Stored data entries:
◆ ◆ ◆ ◆
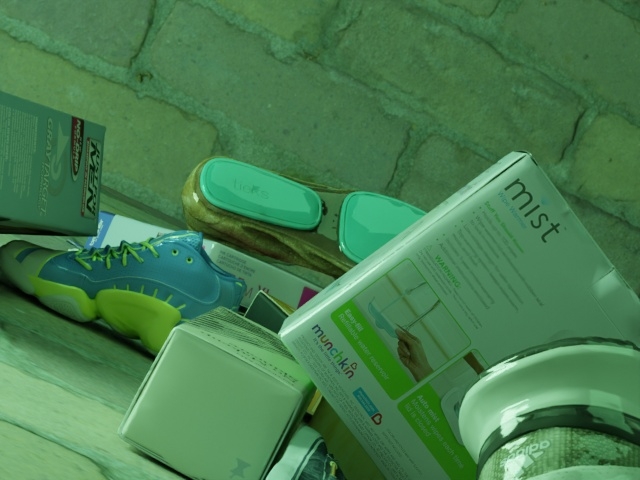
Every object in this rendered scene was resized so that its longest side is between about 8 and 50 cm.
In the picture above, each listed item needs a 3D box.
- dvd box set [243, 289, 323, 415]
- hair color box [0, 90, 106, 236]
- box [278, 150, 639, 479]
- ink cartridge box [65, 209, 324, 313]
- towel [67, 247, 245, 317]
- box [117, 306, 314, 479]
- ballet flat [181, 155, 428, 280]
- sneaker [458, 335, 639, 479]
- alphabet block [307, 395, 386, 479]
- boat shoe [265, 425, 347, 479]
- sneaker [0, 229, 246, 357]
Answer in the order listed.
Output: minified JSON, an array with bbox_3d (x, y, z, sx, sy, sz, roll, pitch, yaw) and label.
[{"bbox_3d":[0.131,0.200,1.981,0.420,0.062,0.307,29,2,-19],"label":"dvd box set"},{"bbox_3d":[-0.342,-0.072,1.718,0.185,0.113,0.374,3,-3,14],"label":"hair color box"},{"bbox_3d":[0.137,0.101,1.461,0.262,0.231,0.127,52,2,-3],"label":"box"},{"bbox_3d":[-0.145,0.033,2.266,0.186,0.065,0.311,25,-9,-36],"label":"ink cartridge box"},{"bbox_3d":[-0.126,0.092,2.120,0.285,0.034,0.209,25,4,-37],"label":"towel"},{"bbox_3d":[-0.068,0.121,1.501,0.113,0.094,0.275,28,2,2],"label":"box"},{"bbox_3d":[0.000,0.000,2.224,0.342,0.116,0.124,15,-32,-13],"label":"ballet flat"},{"bbox_3d":[0.225,0.269,1.022,0.447,0.169,0.257,39,37,-30],"label":"sneaker"},{"bbox_3d":[0.125,0.151,1.656,0.192,0.197,0.193,27,3,25],"label":"alphabet block"},{"bbox_3d":[0.002,0.185,1.353,0.083,0.065,0.183,28,10,4],"label":"boat shoe"},{"bbox_3d":[-0.178,0.029,1.840,0.240,0.126,0.091,27,3,-9],"label":"sneaker"}]
◆ ◆ ◆ ◆
_Work instruction_.
Begin with the first line of the records and repeat every line up to the one with "Answer in the order listed.", counting that line too. Pictures are not part of the copy.

_Solution for this exercise_.
Every object in this rendered scene was resized so that its longest side is between about 8 and 50 cm.
In the picture above, each listed item needs a 3D box.
- dvd box set [243, 289, 323, 415]
- hair color box [0, 90, 106, 236]
- box [278, 150, 639, 479]
- ink cartridge box [65, 209, 324, 313]
- towel [67, 247, 245, 317]
- box [117, 306, 314, 479]
- ballet flat [181, 155, 428, 280]
- sneaker [458, 335, 639, 479]
- alphabet block [307, 395, 386, 479]
- boat shoe [265, 425, 347, 479]
- sneaker [0, 229, 246, 357]
Answer in the order listed.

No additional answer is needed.